You will need to upload this file when configuring Data Discovery and Classification to talk to Thales Data Platform, be sure to save it locally. Refer to Configuring TDP section in the Data Discovery and Classification documentation to learn more.

You can find the comprehensive procedure at this link on the Hortonworks documentation pages.

Ambari additional configuration

To execute the instructions below you will need to access Ambari, please refer to Accessing Ambari for further information.

Enabling Namenode HA

Note

These steps are optional for multiple node cluster, but they are recommended.

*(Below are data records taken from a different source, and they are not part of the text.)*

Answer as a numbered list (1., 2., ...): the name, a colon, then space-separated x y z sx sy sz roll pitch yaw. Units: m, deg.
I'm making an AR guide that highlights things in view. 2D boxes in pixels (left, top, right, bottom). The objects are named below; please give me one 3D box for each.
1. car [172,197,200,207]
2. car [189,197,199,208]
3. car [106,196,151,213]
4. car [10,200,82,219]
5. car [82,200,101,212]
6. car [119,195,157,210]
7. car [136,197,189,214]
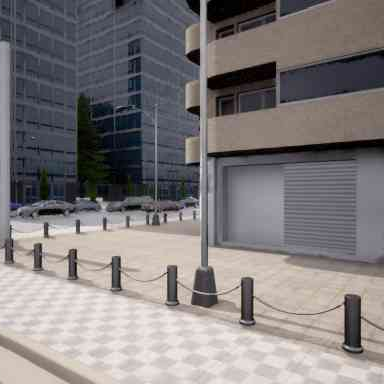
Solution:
1. car: -0.802 1.470 50.370 1.812 1.442 4.674 0 0 36
2. car: -0.962 1.449 44.194 1.837 1.490 4.892 0 0 36
3. car: -7.034 1.297 35.796 2.097 1.767 4.553 0 0 36
4. car: -12.376 1.436 28.394 2.128 1.511 4.902 0 0 36
5. car: -11.709 1.508 35.291 1.994 1.385 4.181 0 0 36
6. car: -6.767 1.297 42.140 2.097 1.767 4.553 0 0 36
7. car: -3.034 1.492 35.018 2.033 1.411 5.357 0 0 36
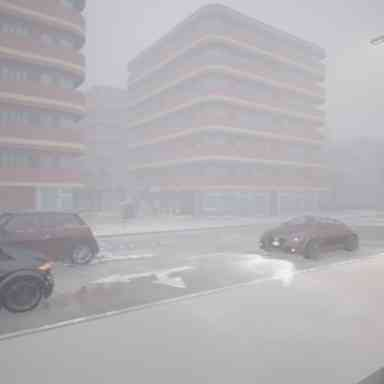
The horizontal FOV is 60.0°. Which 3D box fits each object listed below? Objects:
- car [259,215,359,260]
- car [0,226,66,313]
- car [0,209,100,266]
[{"bbox_3d":[4.536,1.616,12.756,4.181,1.385,1.994,0,0,-36],"label":"car"},{"bbox_3d":[-4.790,1.563,6.090,4.181,1.385,1.994,0,0,-36],"label":"car"},{"bbox_3d":[-5.252,1.359,10.064,4.553,1.767,2.097,0,0,-35],"label":"car"}]
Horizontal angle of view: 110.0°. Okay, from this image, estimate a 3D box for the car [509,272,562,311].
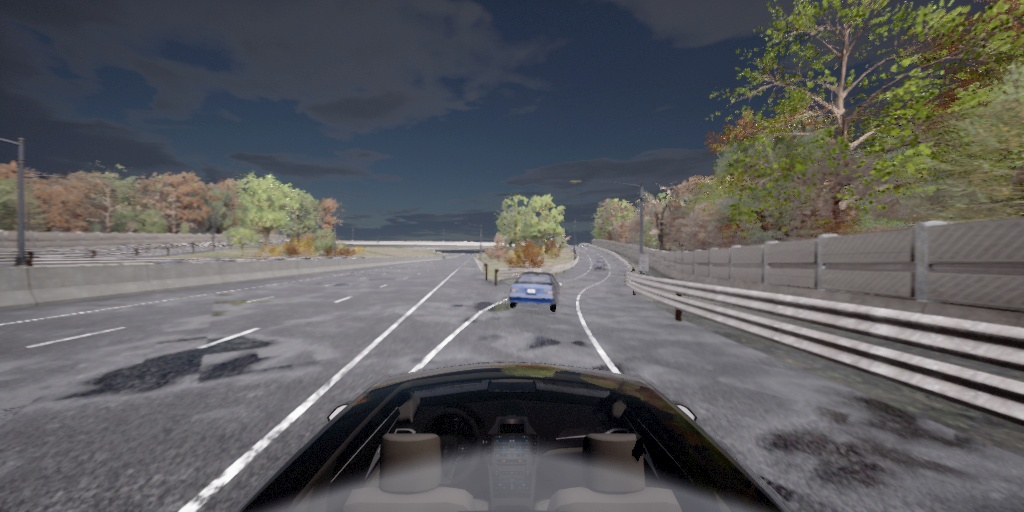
[{"bbox_3d":[1.097,1.416,15.320,2.033,1.411,5.357,2,-2,9],"label":"car"}]

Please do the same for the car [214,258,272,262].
[{"bbox_3d":[-25.310,1.094,33.952,1.895,1.301,4.718,1,0,-6],"label":"car"}]

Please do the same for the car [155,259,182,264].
[{"bbox_3d":[-32.374,0.989,34.259,1.994,1.385,4.181,1,0,-6],"label":"car"}]

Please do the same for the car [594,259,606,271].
[{"bbox_3d":[15.418,1.787,63.050,2.033,1.411,5.357,1,2,14],"label":"car"}]

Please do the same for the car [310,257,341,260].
[{"bbox_3d":[-27.277,1.047,52.692,1.994,1.385,4.181,1,0,-6],"label":"car"}]

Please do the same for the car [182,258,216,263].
[{"bbox_3d":[-28.942,0.951,35.083,2.128,1.511,4.902,1,0,-6],"label":"car"}]

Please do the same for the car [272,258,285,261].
[{"bbox_3d":[-34.228,0.963,51.967,2.033,1.411,5.357,1,0,-6],"label":"car"}]

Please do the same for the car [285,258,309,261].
[{"bbox_3d":[-30.785,0.975,52.648,1.812,1.442,4.674,1,0,-6],"label":"car"}]
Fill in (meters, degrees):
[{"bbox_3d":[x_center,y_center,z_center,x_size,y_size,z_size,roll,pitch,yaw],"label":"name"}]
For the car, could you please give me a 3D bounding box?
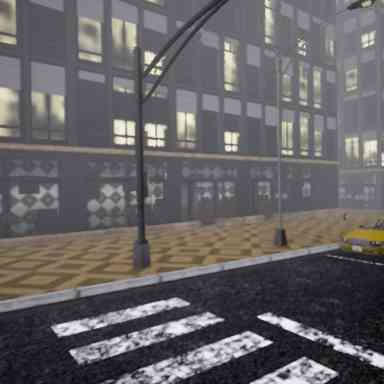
[{"bbox_3d":[7.129,1.436,11.821,4.829,1.417,1.752,-1,-1,-35],"label":"car"}]
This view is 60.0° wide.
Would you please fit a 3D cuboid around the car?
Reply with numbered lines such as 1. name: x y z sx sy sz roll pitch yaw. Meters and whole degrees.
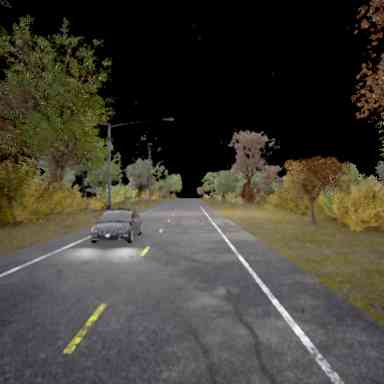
1. car: -3.603 1.593 16.556 1.837 1.490 4.892 0 0 0
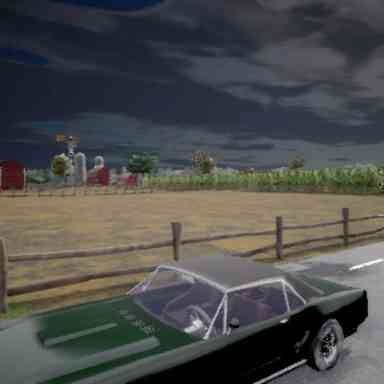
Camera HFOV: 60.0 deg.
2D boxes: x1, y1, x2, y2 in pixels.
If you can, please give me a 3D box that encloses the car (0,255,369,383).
[{"bbox_3d":[0.066,1.576,4.033,4.718,1.301,1.895,-1,0,-35],"label":"car"}]
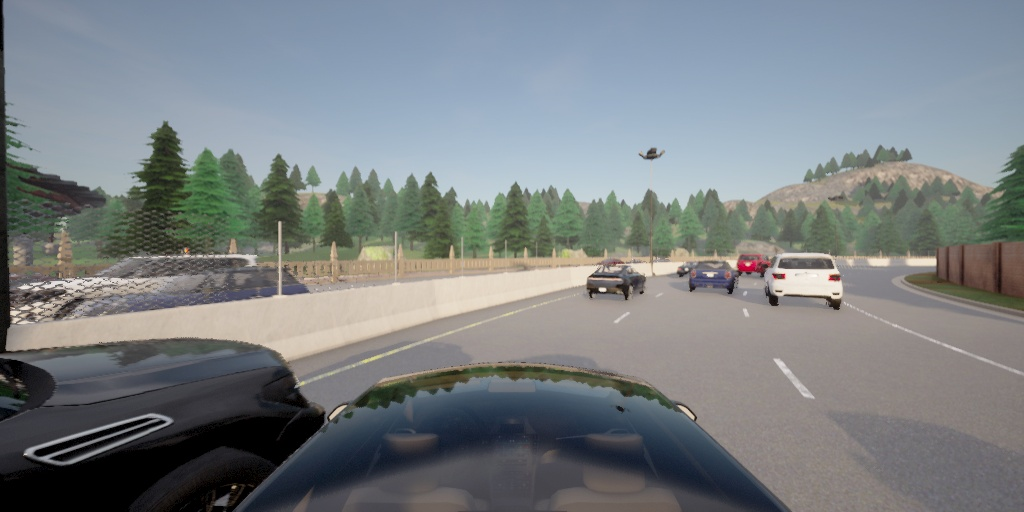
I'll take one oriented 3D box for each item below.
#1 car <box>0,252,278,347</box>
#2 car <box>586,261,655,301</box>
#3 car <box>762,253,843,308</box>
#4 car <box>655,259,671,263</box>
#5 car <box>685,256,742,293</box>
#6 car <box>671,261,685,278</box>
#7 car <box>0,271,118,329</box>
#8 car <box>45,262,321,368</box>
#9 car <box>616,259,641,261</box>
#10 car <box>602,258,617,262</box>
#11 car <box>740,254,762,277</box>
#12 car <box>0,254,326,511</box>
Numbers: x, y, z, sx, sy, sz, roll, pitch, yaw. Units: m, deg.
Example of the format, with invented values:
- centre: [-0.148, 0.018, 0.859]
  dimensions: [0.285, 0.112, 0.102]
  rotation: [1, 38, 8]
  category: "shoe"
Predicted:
- centre: [-10.522, 0.943, 10.736]
  dimensions: [2.150, 2.045, 5.566]
  rotation: [0, 0, 25]
  category: "car"
- centre: [5.087, 1.181, 17.099]
  dimensions: [2.128, 1.511, 4.902]
  rotation: [0, 0, 32]
  category: "car"
- centre: [12.076, 0.915, 15.139]
  dimensions: [2.150, 2.045, 5.566]
  rotation: [0, 0, 33]
  category: "car"
- centre: [18.113, 1.112, 43.485]
  dimensions: [4.674, 1.442, 1.812]
  rotation: [0, 0, -41]
  category: "car"
- centre: [11.565, 1.026, 20.415]
  dimensions: [2.097, 1.767, 4.553]
  rotation: [0, 0, 36]
  category: "car"
- centre: [16.320, 1.175, 31.762]
  dimensions: [2.033, 1.411, 5.357]
  rotation: [0, 0, 43]
  category: "car"
- centre: [-14.655, 1.250, 9.956]
  dimensions: [1.812, 1.442, 4.674]
  rotation: [0, 0, 24]
  category: "car"
- centre: [-7.484, 1.077, 8.836]
  dimensions: [2.097, 1.767, 4.553]
  rotation: [0, 0, 25]
  category: "car"
- centre: [15.801, 1.185, 46.113]
  dimensions: [4.181, 1.385, 1.994]
  rotation: [0, 0, -41]
  category: "car"
- centre: [13.406, 1.050, 48.666]
  dimensions: [5.008, 1.535, 1.882]
  rotation: [0, 0, -41]
  category: "car"
- centre: [22.344, 0.840, 32.855]
  dimensions: [5.566, 2.045, 2.150]
  rotation: [0, 0, -44]
  category: "car"
- centre: [-3.193, 0.978, 0.612]
  dimensions: [2.150, 2.045, 5.566]
  rotation: [0, 0, 21]
  category: "car"
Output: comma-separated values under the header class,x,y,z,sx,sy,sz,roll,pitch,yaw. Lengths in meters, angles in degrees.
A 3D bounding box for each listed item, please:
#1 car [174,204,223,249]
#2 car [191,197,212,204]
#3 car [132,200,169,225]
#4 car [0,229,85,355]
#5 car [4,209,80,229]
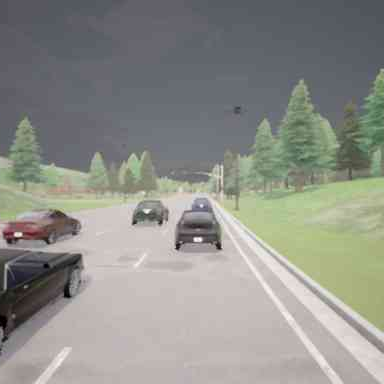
class,x,y,z,sx,sy,sz,roll,pitch,yaw
car,0.289,1.503,14.555,1.837,1.490,4.892,0,0,2
car,0.986,1.352,34.240,2.097,1.767,4.553,0,0,2
car,-2.897,1.336,24.137,2.097,1.767,4.553,0,0,2
car,-3.386,1.586,5.508,1.895,1.301,4.718,0,0,0
car,-6.696,1.495,15.245,1.812,1.442,4.674,0,0,2
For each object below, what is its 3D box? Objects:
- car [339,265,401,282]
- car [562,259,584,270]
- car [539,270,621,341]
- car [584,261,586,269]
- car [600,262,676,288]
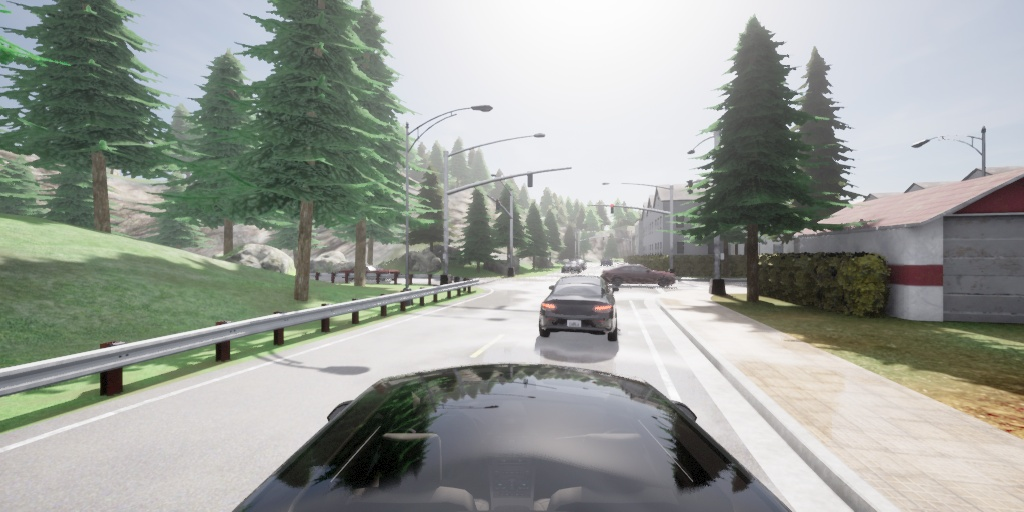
[{"bbox_3d":[-11.318,1.366,28.870,4.718,1.301,1.895,0,0,15],"label":"car"},{"bbox_3d":[7.197,1.314,43.169,1.994,1.385,4.181,0,0,15],"label":"car"},{"bbox_3d":[1.922,1.276,9.878,1.812,1.442,4.674,0,0,15],"label":"car"},{"bbox_3d":[9.867,1.241,52.862,2.128,1.511,4.902,0,0,15],"label":"car"},{"bbox_3d":[8.257,1.288,23.647,4.674,1.442,1.812,0,0,15],"label":"car"}]
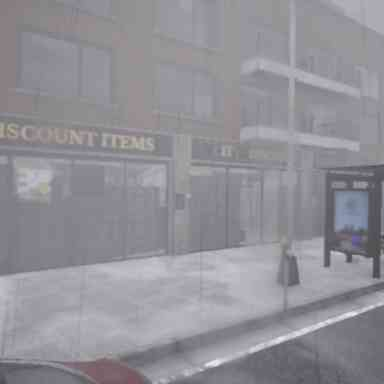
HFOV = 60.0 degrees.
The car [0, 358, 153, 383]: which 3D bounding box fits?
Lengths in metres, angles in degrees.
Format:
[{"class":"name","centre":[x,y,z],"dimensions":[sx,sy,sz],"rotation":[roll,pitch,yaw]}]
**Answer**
[{"class":"car","centre":[-1.950,1.537,1.124],"dimensions":[4.206,1.307,1.802],"rotation":[0,1,-34]}]

In the Ambari toolbar on the left, expand Services, then click HDFS.
Go to the ACTIONS menu and click Enable NameNode HA.
Follow each step in the 'Enable NameNode HA Wizzard'.
1. In the Get Started step, input the Nameservice ID.
2. In Select Hosts, keep all the defaults and click NEXT.
3. In the Review step, click NEXT.
4. In Create Checkpoint, perform each step as listed. NEXT is only clickable after you complete all the steps.
5. In Configure Components, wait for the deployment of each component, then click NEXT.
6. In Initialize JournalNodes, perform each subsequent step. NEXT is only clickable after you complete all the steps.
7. In Start Components, wait for each process to complete. Then click NEXT.
8. In Initialize Metadata, perform each step, then click NEXT. Then click OK on the pop-up confirmation window that follows.
9. In Finalize HA Setup, wait for each process to complete, then click DONE.

Livy configuration

Update Livy configuration for Spark2

In the Ambari toolbar on the left, expand Services, then click Spark2.
Select the CONFIGS tab, then below it click ADVANCED.
Expand the Custom spark2-defaults section, then click the Add Property... link. In the Add Property popup, click the "multiple tags" icon to enable the Bulk property add mode. Then enter the following text, replacing <zookeeper-node-hostname> with the zookeper node IP.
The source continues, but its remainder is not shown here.